Sampling procedure and data collection

The study adopted sampling procedure in three stages in which both purposive (non-probability sampling) and simple random sampling techniques (probability sampling) were used to pick the villages/towns that have been economically active for the past five years (NBS, 2013). The first stage of sampling selection entails the choice of Idoani and Ilara towns in Ondo State. Idoani town was strategically picked based on literature reviewed that this town enjoys support from Leventis Foundation, state government microagencies and International Fund for Agricultural Development (IFAD). While Ilara town also enjoys State government support couple with IFAD funding. Similarly, in Osun State, Owena and Okuku towns were also strategically picked because these towns are economically active, enjoy support from local, state and federal government. In addition, these towns enjoy Federal Government of Nigeria (FGN) special programme on poverty alleviation; Youth Empowerment Scheme (O-YES), SURE-P (a special intervention by FGN that encourage entrepreneurship development among the youth). Osun state selected towns also enjoy support of funding from United States Agencies for International Development (USAID).

To identify the sampling frame for the study, in the second stage, list of households’ heads having access to these supports were extracted from extension section of the Ministry of Agriculture and Rural Development (MARD) of the selected states.
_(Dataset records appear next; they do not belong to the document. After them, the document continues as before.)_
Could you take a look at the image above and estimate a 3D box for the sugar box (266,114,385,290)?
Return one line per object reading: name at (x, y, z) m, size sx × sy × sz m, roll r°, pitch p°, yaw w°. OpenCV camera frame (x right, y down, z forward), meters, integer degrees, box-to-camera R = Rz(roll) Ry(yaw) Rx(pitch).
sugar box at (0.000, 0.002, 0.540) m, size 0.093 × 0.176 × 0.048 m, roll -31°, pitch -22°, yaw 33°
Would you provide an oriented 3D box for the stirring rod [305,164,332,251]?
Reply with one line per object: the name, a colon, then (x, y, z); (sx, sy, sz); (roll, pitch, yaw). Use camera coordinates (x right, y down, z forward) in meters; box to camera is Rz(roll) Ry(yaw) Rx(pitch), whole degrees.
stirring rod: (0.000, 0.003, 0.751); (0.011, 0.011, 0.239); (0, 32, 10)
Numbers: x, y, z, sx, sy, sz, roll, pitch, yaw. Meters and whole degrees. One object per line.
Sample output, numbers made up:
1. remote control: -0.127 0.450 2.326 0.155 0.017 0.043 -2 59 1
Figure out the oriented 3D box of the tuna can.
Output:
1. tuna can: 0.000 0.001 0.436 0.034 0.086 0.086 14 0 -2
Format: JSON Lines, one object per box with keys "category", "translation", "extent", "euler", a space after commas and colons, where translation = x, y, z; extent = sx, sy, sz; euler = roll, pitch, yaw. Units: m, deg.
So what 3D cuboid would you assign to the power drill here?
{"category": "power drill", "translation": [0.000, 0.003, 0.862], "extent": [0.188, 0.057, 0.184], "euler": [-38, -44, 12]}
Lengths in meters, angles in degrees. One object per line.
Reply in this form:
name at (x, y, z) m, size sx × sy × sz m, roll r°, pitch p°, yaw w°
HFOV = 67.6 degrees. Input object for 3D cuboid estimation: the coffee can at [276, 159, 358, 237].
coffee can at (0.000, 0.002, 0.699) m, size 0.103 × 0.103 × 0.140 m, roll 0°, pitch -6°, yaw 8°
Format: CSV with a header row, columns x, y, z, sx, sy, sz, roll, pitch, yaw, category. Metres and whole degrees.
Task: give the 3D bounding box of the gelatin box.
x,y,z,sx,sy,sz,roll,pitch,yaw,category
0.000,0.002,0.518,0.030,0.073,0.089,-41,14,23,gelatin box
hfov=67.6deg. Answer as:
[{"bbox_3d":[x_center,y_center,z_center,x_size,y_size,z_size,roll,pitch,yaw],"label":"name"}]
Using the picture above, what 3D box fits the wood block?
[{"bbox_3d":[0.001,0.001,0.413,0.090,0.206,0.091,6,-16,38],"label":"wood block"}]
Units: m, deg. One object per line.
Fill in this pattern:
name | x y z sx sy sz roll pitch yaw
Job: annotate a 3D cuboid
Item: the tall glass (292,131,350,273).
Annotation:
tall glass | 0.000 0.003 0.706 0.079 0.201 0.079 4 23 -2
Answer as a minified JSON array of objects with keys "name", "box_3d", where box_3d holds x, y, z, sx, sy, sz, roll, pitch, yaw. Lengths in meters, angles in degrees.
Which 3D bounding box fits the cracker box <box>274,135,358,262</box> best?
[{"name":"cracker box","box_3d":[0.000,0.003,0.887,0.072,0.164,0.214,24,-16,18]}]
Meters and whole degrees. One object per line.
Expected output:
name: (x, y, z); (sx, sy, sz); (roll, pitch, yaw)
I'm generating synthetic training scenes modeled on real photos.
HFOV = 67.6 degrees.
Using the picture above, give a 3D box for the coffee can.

Help was also sourced from Agricultural Development Programme (ADP) offices to verify and augment some of the data collected from MARD. While a list of farmers (cassava growers) compiled from these agencies were 2500 from Ondo State and 2350 identified farmers (cassava growers) were also sourced from Osun State. In the final stage of selection, 60 respondents were sampled randomly from each town to get a total of 240 farmers (cassava growers), but only 200 data (80% response rate) were useful for subsequent analysis (Table 1).

Table 1. Distribution of sampled respondents in the study area
Cassava Farmer Villages / townsSampling FrameSampling DistributionFinal selection of sample (n)
Idoani 1350 60 52
Ilara 1150 60 48
Owena 1025 60 46
Okuku 1325 60 54
Total 4850 240 200
Source: Field Survey (2013)

The data collection for this research were quantitative and qualitative data. Data collection was done through various mechanisms which include interviews schedule, Focus Group Discussions (FGD) and observations. The quantitative data were personal characteristics, socio-economic factors, and situational factors. While qualitative data were based on key informants, extension officials, village leaders, Libraries/librarians, NGO workers and, groups of farmers. Observations on the choice of the study area revealed equal opportunity of access to productive resources and services (extension and government support) to all cassava growers. and government support) to all cassava growers.

Methods of data analysis

The study used descriptive statistics such as means, percentages, frequencies, and standard deviations to analyze the quantitative data, while the qualitative data were used to validate responses gathered from quantitative data. In addition, qualitative data were partly analyzed on spot during data collection to avoid omission and to be able to fill the gaps in the quantitative data collection. The use of Multiple Linear Regression (MLR) analysis was used to examine factors influencing entrepreneurial success/failure among the cassava growers. This was captured by their level of income/asset of the identified respondents. The use of this specialized MLR was adopted by the study of Hair et al, 1998 who argued that independent variables are known to predict the single dependent value.

According to Browen and Starr (1983), the regression equation takes the form of

Y = a + b1X1 + b2X2 + b3X3 .+ ... + b16X16 + u1

Where:
Y= Dependent variable
X1-16 = Independent variables
a = intercept
b = the slope of the line
a and b are parameters to be estimated.
u1 = error term (unexplained variables)

Estimation procedure

Due to the nature of the data, Ordinary Least Square (OLS) method was adopted for estimation technique. Other techniques used to reduce measurement errors are in the use of Dublin Watson test to assess multi-co linearity among the explanatory variables to avoid co linearity problem and the use of Best Linear Unbiased Estimation (BLUE) method. Data were coded into SPSS version 17 for analysis.

Variables and their definitions

Dependent variable
The dependent variable used for this study is the entrepreneurial success/ failure of the respondent’s outputs in terms of knowledge and it is captured by their assets/income or losses accrued. This is to serve as function of knowledge of farmers on daily good farm management practices and their level of utilization of resources at their disposal. To capture farmers’ level of knowledge about effective farming practices the use of ‘teacher - made type’ test was developed. This method was developed and used in consultation with the concerned ADPs Office, key informants representative and officials of the Ministry of Agriculture. Appropriate questions were developed to collect appropriate responses from the farmers about the selected salient features of their entrepreneur ability. The various items were developed for the knowledge test in respect of operative farming practices and these were given weights as per their prominence.

Independent variables
For this study, 16 independent variables (see Table 2) were identified and hypothesized to influence the dependent variable. From these 16 variables 10 were continuous and 6 were discrete. The independent variables include the personal characteristics, socio-economic factors, situational factors and psychological factors of farmers that may influence the dependent variables. Selection of these independent variables used in the study was logically taken from the review of past research and published literature related to the scope of the study (Renwick, 2010, and Aina, 2004).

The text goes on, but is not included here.